Exercise prompt »
Please state the number of lines in the records below that contain the string "pitch", and nothing further.
Record set Start Marker
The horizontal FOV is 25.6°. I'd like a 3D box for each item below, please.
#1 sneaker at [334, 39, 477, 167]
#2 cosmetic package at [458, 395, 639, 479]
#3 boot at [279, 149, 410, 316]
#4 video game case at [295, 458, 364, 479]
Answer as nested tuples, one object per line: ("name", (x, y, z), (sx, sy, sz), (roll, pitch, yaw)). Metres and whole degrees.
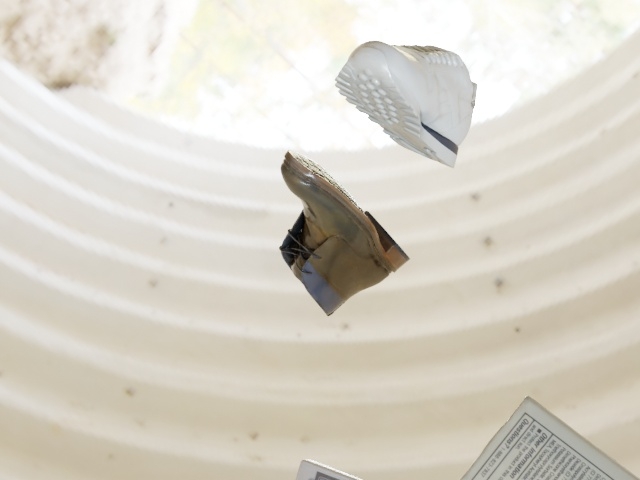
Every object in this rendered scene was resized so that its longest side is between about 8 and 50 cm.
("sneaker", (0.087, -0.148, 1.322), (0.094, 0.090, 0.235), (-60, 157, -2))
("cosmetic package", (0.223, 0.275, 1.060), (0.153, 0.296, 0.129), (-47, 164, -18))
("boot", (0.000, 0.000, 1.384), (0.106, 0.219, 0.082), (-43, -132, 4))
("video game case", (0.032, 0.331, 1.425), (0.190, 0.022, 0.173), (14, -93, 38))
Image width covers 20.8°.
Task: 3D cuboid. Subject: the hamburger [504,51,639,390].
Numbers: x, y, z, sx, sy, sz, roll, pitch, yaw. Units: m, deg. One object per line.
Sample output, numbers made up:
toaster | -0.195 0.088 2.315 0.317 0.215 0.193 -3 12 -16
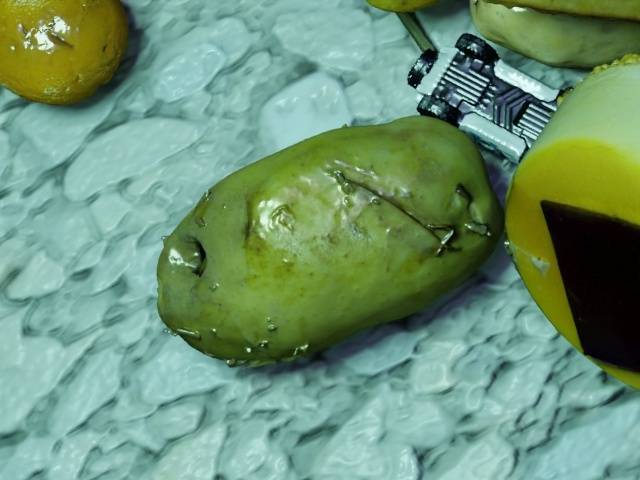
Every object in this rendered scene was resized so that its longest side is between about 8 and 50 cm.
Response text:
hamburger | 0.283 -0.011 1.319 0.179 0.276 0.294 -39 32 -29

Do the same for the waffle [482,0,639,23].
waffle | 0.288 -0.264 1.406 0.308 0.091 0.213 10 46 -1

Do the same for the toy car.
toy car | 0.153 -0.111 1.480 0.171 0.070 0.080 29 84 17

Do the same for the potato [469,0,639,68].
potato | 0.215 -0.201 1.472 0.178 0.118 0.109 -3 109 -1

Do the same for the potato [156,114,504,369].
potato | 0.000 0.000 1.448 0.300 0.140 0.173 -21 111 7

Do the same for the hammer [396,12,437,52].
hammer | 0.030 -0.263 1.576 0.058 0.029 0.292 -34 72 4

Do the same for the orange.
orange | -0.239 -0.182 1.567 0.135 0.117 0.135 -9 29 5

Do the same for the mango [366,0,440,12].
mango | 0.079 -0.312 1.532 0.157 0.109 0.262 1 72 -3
Record set End Marker
Result »
2